Thomas Pringle TD

Pringle: European Council should focus on climate and humanitarian obligations

Pringle: European Council should focus on climate and humanitarian obligations

Independent TD for Donegal, Thomas Pringle, said the European Council should focus on climate and human rights obligations, rather than allowing itself to be dominated by military and defense issues.

Addressing the Dáil on Wednesday, Deputy Pringle said: “It is also disappointing to see that the European Council has welcomed the decision to further increase the financial ceiling of the deceivingly named ‘European Peace Facility’ by €3.5 billion. When commenting on the last European Council meetings in April, I voiced my concerns and opposition to the funding that this ‘peace facility’ provides.

“At that time it had aimed to provide 1 million rounds of artillery ammunition within the next twelve months, as well as missiles. Now we are looking to increase that funding to deliver even more ammunition. How can we justify doing this in the name of peace? How can we demonise those advocating for peace talks and a ceasefire while at the same time supporting the provision of artillery through a ‘peace facility’?” he said.

The deputy spoke during Statements post European Council meeting of 29th-30th June.

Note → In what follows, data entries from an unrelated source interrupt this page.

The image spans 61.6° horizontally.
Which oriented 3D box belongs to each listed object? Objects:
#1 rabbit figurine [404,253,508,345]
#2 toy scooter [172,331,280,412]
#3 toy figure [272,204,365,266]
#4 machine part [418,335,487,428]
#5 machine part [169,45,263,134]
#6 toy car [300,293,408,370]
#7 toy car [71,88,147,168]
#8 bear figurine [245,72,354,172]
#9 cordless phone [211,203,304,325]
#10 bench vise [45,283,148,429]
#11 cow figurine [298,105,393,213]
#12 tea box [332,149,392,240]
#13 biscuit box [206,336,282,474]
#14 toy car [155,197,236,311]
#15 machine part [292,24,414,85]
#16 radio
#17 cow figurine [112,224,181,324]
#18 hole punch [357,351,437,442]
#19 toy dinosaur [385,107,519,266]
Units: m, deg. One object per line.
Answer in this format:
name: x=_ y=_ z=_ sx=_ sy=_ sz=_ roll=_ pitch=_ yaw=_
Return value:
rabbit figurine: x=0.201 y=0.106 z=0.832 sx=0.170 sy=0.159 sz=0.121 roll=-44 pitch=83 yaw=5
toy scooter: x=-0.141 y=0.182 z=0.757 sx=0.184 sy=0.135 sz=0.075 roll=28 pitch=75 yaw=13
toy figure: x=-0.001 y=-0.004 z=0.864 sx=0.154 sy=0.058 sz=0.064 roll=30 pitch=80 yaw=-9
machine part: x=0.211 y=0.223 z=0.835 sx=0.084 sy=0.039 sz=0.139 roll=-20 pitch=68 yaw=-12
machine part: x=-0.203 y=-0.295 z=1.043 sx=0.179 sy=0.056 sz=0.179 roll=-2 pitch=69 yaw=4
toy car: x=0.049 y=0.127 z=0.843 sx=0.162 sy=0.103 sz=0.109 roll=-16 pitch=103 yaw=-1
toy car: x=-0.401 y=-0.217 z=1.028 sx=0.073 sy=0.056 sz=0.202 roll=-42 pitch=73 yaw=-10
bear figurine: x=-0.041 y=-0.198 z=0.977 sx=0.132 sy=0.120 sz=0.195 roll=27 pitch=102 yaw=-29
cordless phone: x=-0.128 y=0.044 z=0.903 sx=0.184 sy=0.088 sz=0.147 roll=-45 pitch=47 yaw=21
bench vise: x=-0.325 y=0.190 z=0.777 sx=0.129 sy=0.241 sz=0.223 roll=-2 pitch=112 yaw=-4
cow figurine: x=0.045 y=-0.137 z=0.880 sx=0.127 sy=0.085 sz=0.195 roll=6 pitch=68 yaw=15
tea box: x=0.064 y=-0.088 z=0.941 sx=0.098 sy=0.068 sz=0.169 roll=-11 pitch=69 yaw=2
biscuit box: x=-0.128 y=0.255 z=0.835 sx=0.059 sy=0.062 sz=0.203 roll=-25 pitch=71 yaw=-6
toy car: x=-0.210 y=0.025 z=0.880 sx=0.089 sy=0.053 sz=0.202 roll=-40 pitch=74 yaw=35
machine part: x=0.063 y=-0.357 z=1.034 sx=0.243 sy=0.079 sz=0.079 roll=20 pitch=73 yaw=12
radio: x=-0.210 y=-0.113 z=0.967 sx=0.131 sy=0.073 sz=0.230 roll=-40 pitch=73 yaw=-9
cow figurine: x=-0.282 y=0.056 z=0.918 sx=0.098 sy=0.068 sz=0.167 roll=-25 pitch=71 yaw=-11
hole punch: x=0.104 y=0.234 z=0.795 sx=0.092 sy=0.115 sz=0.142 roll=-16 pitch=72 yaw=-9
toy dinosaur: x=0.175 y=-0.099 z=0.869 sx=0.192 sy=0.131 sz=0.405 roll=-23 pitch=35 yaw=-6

Deputy Pringle said: “Ireland has not only allowed this to happen, but we have allowed our long-standing policy of neutrality to be completely undermined by the undemocratic ‘public forum’ that has been recently held.”

He said: “It was clear that the majority of panellists were opposed to our current policy of neutrality and that there was a complete lack of voice from those involved in humanitarian work or peacebuilding, despite our island’s unique expertise on peacebuilding. There was also no fact-checking of any misinformation being presented by the panellists and it is for these reasons that I believe that any recommendations that emerge from the forum are completely illegitimate.”

Deputy Pringle said: “What strikes me the most is that this public forum, and the recent European Council meetings, are completely dominated by talks of security and defence, yet each has failed to mention that the greatest threat to our collective security is the climate and biodiversity crisis that we currently face.

“This is the most pressing issue of our lifetime and not only are we failing to prioritise it, but we are actually failing to recognise this at all,” he said, adding that we are also failing to recognise that conflict contributes massively to climate breakdown and biodiversity loss.

He said: “I am glad that the Nature Restoration Law has been passed by the European Parliament, however I acknowledge that it is much weaker than it was when first proposed, which is disappointing. And we can thank Fine Gael amendments for that.”

The deputy said: “Because the law itself is flexible, what’s really important now is that the Irish government ensures fair, just and proper implementation and I will be keeping an eye on how they go about this.”

Deputy Pringle said: “Another extremely important issue that seems to have been completely left out of the European Council meetings is the recent drownings of migrant boats in European waters.

“I purposely say ‘left out’ because there is no way this could have been simply overlooked or forgotten, given the fact that the week before the meetings occurred, hundreds died off the coast of Greece after European authorities were made aware of an overcrowded and unseaworthy vessel and decided not to launch a rescue operation. The European Council’s silence on this issue is deafening and intentional, making it even worse.”

The deputy said: “These are the issues that the Council meetings should have been focused on and we need to stop allowing these meetings to be dominated by military and defence over our climate and human rights obligations.”